For this suburb, crime rate is very high compared to the average value of all other suburbs and there is no large residential zone around this place.
Non-retail business acres in this area is more than the average range of other suburbs.
This suburb does not bound the Charles River and the Nitrogen oxide levels are very high in this area.
It is far form Employment areas and farthest from radial highways among all the suburbs
Percentage of Lower status people is very dense in this area and Residents of African American descents are the majority in this suburb.
(h) In this data set, how many of the suburbs average more than seven rooms per dwelling? More than eight rooms per dwelling? Comment on the suburbs that average more than eight rooms per dwelling.
# Suburbs with more than 7 rooms and more than 8 rooms
sum(Boston$rm > 7)
## [1] 64
sum(Boston$rm > 8)
## [1] 13
mt8=data.frame(sapply(Boston[Boston$rm>8,], function(x) Avg=mean(x)))
mt8
## sapply.Boston.Boston.rm...8.....function.x..Avg...mean.x..
## crim 0.7187954
## zn 13.6153846
## indus 7.0784615
## chas 0.1538462
## nox 0.5392385
## rm 8.3485385
## age 71.5384615
## dis 3.4301923
## rad 7.4615385
## tax 325.0769231
## ptratio 16.3615385
## black 385.2107692
## lstat 4.3100000
## medv 44.2000000
There are 64 and 13 suburbs which have more than 7 and 8 rooms respectively.

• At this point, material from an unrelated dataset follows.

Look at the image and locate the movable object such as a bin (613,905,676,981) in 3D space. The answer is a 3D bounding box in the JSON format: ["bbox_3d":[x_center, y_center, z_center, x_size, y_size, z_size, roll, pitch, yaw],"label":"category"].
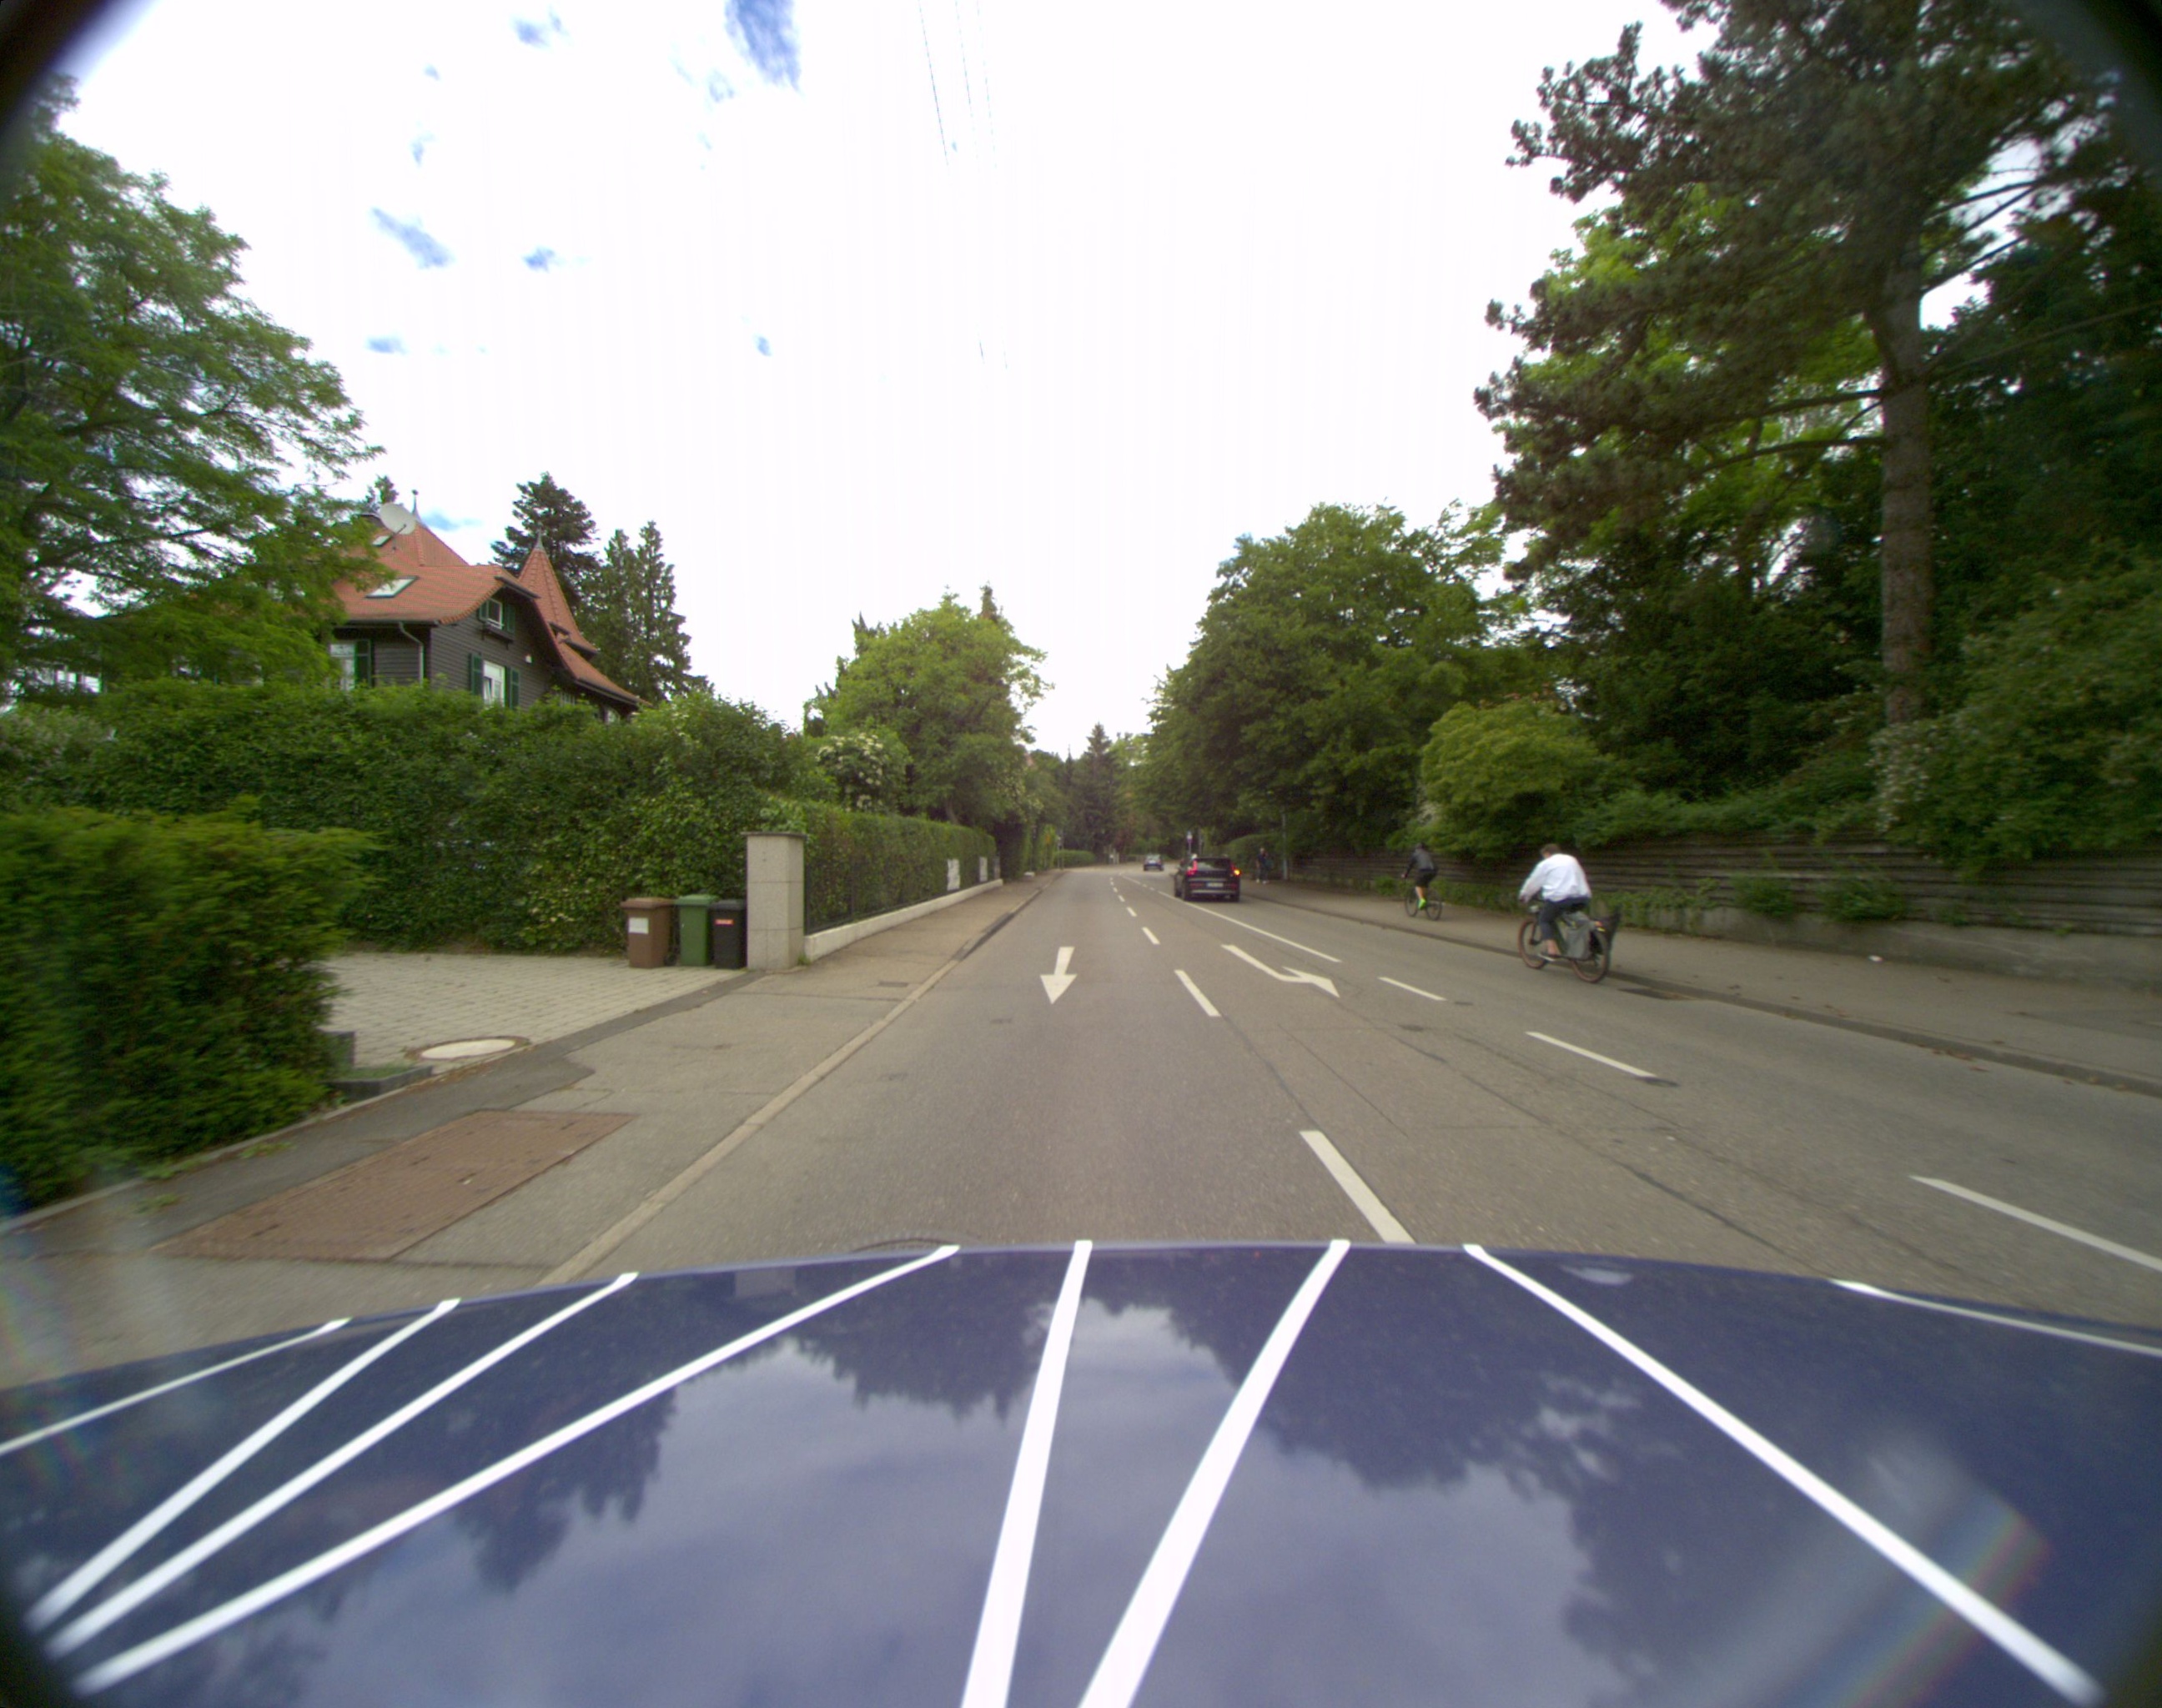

Those suburbs with houses more than 8 rooms have less crime rate, high proportion of residential land zoned for large lots and are mostly tracts bound with Charles river.
Also, these suburbs have median Nitrogen oxide levels in air and are very old compared to other suburbs in Boston.
These suburbs are not so far from employment centers and are located closer to the radial highways.
Property tax rates are close to average price in Boston for these suburbs and Pupil-teacher ration is sufficiently healthy.
African American descents are the majority in these suburbs and Lower status population is very less.
The median house values are double the average prices of all other suburbs and close to the highest values.